И это страшное объявление, сделанное красивой тетей стюардессой, объявление о том, что самолет вынужден возвращаться в Москву, потому что им не дают посадки (а что значит «не дают», мама?), объявление, так перепугавшее многих пассажиров, — и мама очень побледнела; мальчик увидел, что она тоже боится, но боится прежде всего из-за него, и мальчик подумал, что папа выстрелил и вот теперь мама возвращается, так вот, это объявление самое настоящее вранье! Мальчик не понимал, что означают слова «контрабандный груз», произнесенные красивой тетей стюардессой, но знал, что возвращаются они вовсе не из-за этого.
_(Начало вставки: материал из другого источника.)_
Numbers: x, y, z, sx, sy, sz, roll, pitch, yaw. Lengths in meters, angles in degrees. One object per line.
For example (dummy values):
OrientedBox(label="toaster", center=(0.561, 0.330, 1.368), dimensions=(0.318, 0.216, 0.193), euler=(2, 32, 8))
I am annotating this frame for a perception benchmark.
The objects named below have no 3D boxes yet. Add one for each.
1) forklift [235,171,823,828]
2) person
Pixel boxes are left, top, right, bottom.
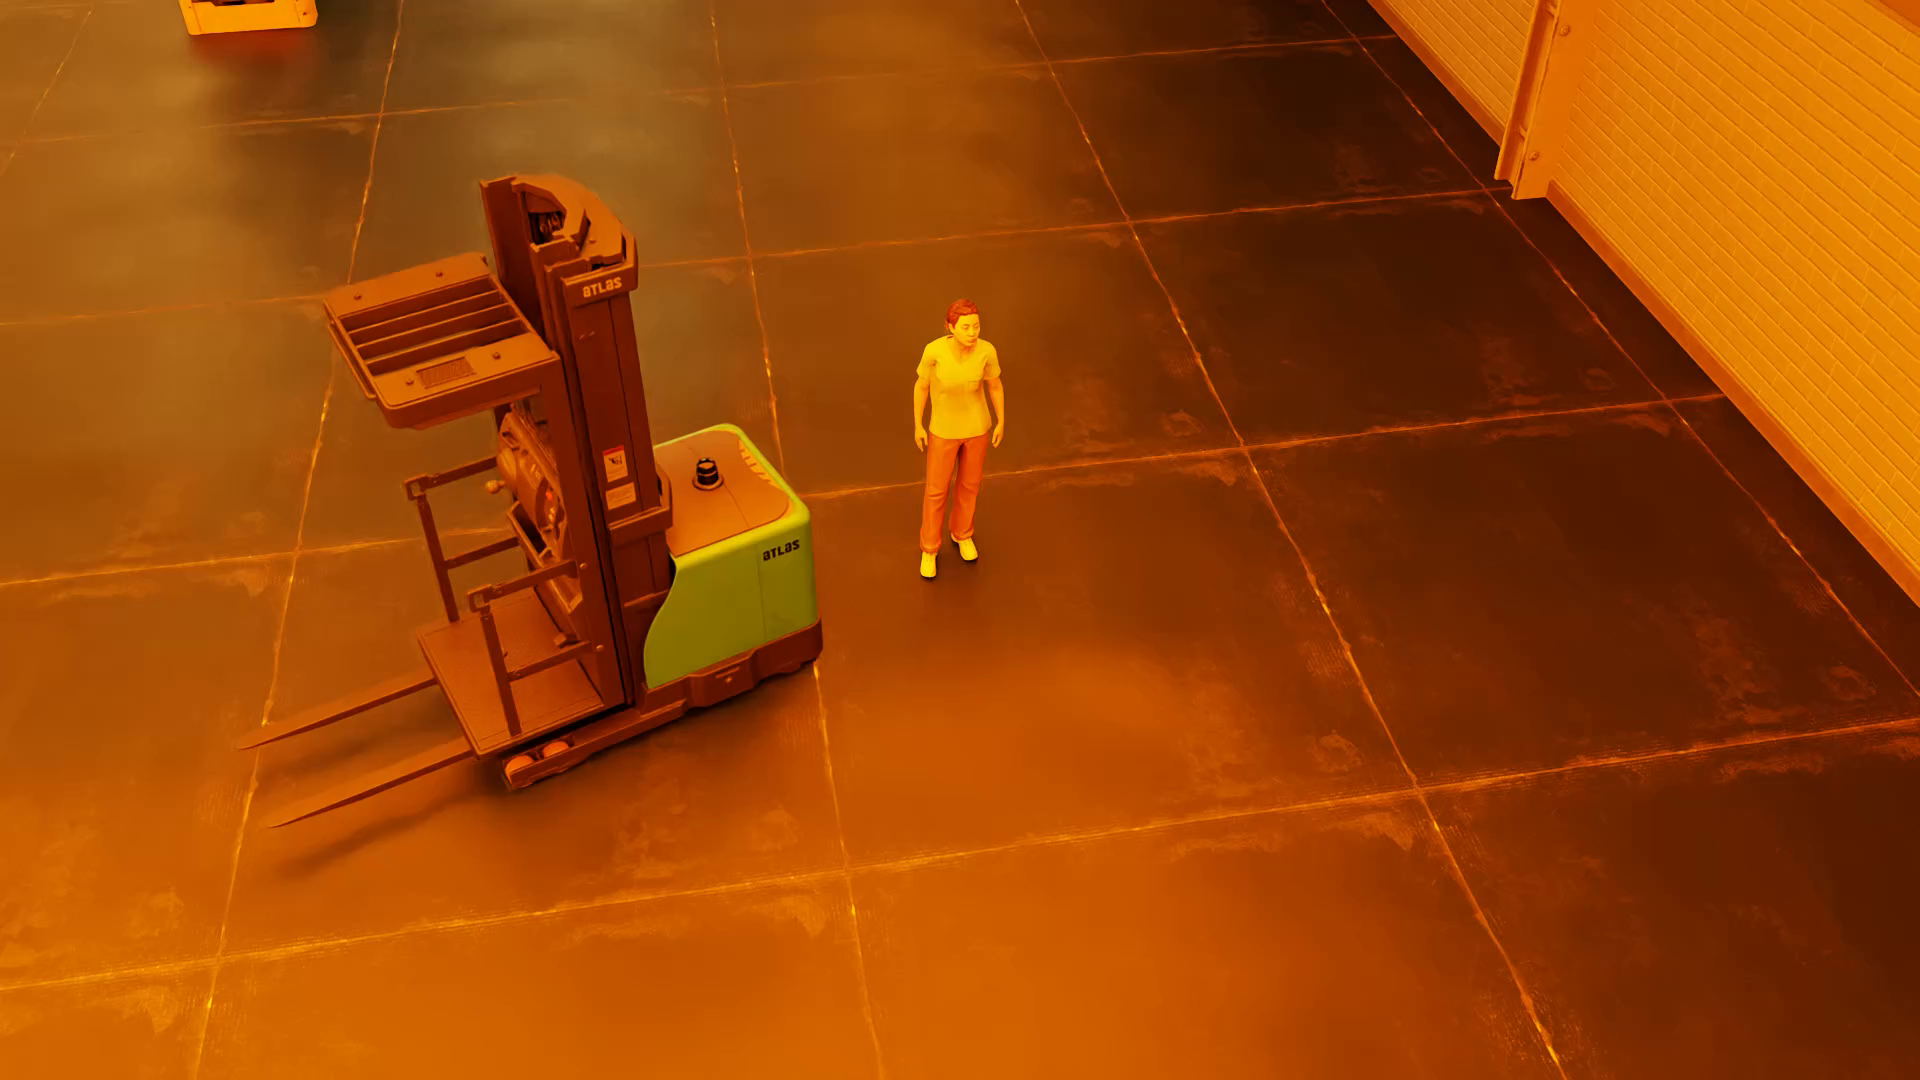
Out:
OrientedBox(label="forklift", center=(-2.301, -0.217, 8.213), dimensions=(3.031, 2.935, 1.130), euler=(-21, 45, -23))
OrientedBox(label="person", center=(0.002, -0.595, 9.616), dimensions=(0.553, 1.673, 0.548), euler=(-7, 41, -8))

Потому что здесь, рядом с ними в самолете, притаилось Чудовище, и пока оно спит, но скоро проснется — густой удушливый запах багряного полыхающего заката все более усиливается, — проснется и сожрет всех, кто летит вместе с ними. И язык этого Чудовища называется ОГОНЬ, и желудок его называется огонь, и самолет возвращается именно из-за этого. Контрабандный груз? Может, так красивая тетя называет Чудовище? Она ведь знает о нем, знает и очень боится. Но она красивая и пытается улыбаться, чтобы никто не догадался, что контрабандный груз — самое настоящее вранье.

Но мальчик знал что-то.

НИТЬ, КЛУБОК НИТИ. ИЛИ КАТУШКА.

НИТЬ НАДО СМОТАТЬ — ОНА ЗНАЕТ ВЫХОД ИЗ ЛАБИРИНТА.
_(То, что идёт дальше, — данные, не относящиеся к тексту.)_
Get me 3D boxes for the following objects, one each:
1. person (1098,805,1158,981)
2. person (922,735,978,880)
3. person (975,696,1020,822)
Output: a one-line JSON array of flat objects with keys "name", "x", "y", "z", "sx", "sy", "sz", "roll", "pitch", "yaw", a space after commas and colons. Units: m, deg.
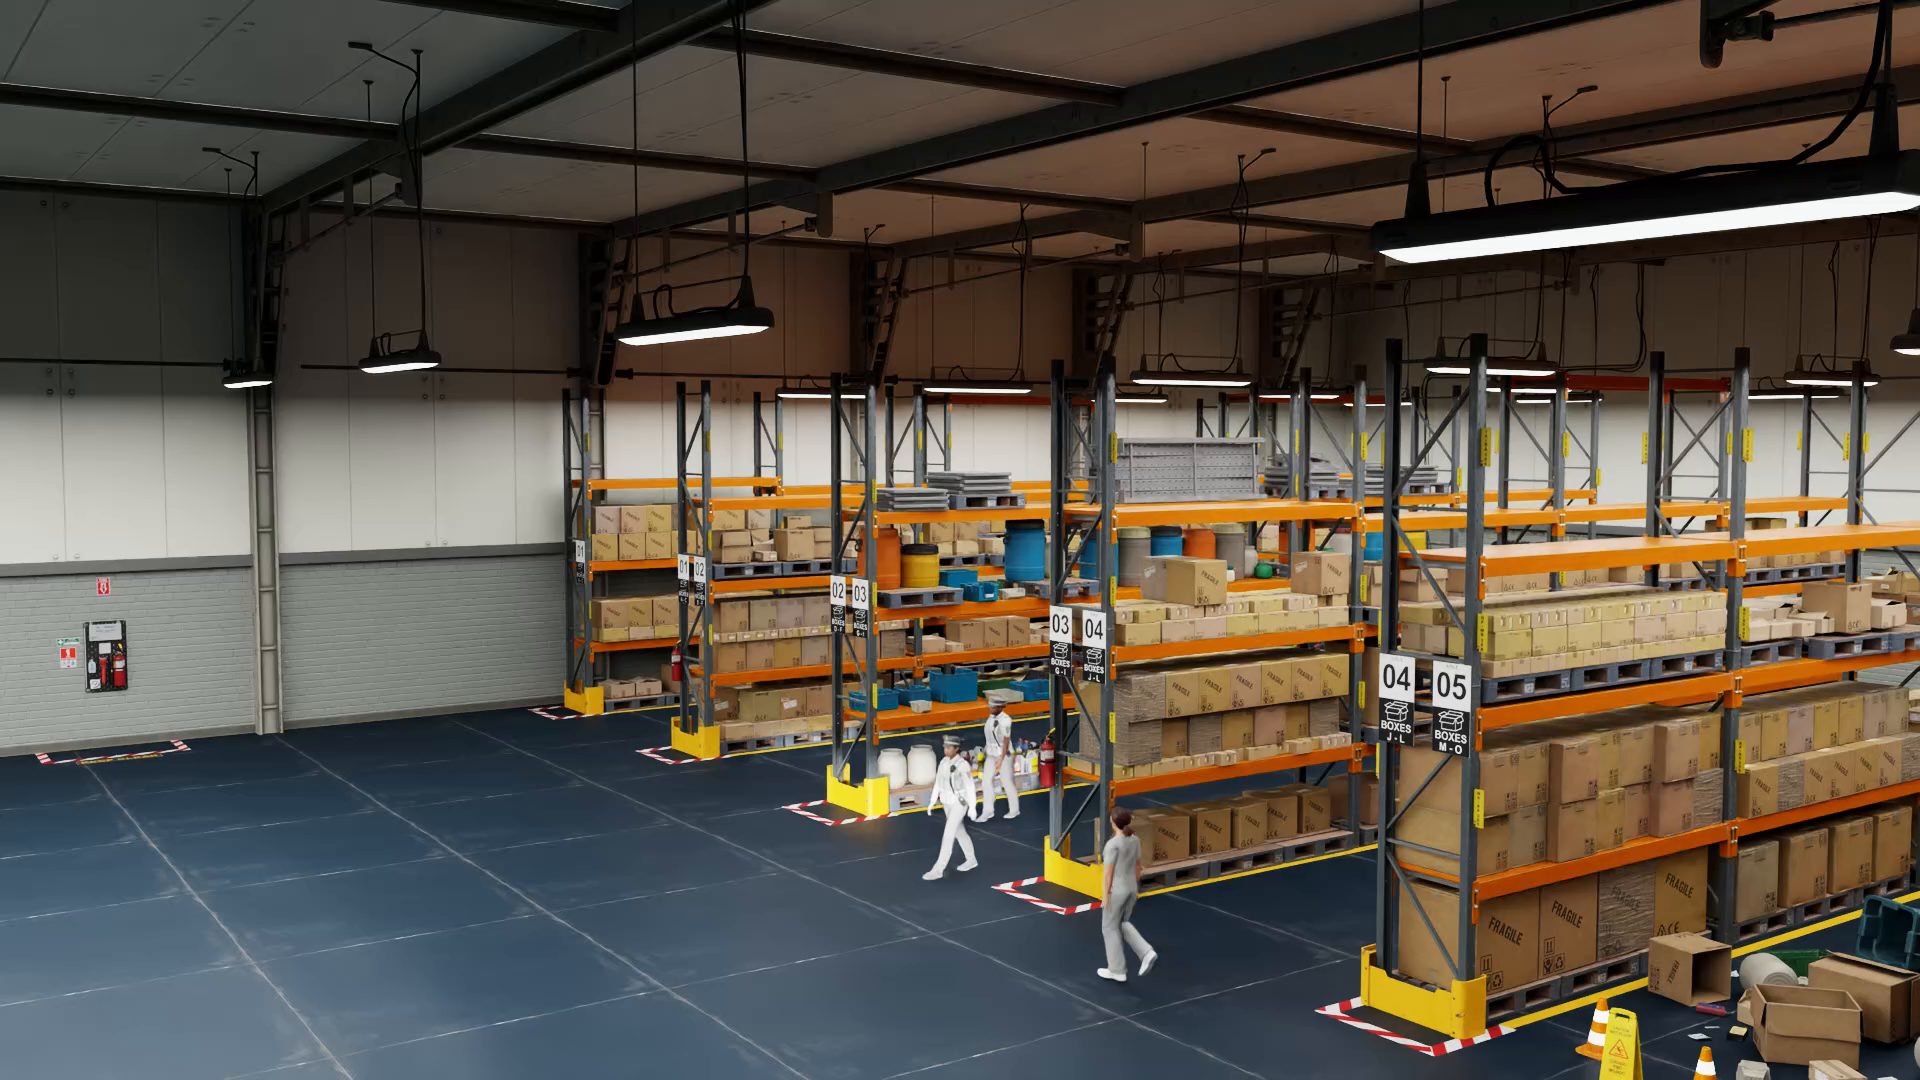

Этот сон про Чудовище был последним, и больше никогда он не повторится. Папа выстрелил, и, может быть, он убил Чудовище. А может быть, скоро, уже очень скоро, там, в темном чреве самолета, в своем пропитавшемся сладковато-тлетворным запахом логове, проснется Чудовище и язык его будет называться «огонь»… И мальчику надо с кем-то поговорить об этом, с кем-то, кто бы ему поверил. Не с мамой, нет, она еще больше перепугается. Но с кем-то, кто бы ему поверил и кто, мальчик теперь это знает наверняка, тоже находится здесь, в самолете.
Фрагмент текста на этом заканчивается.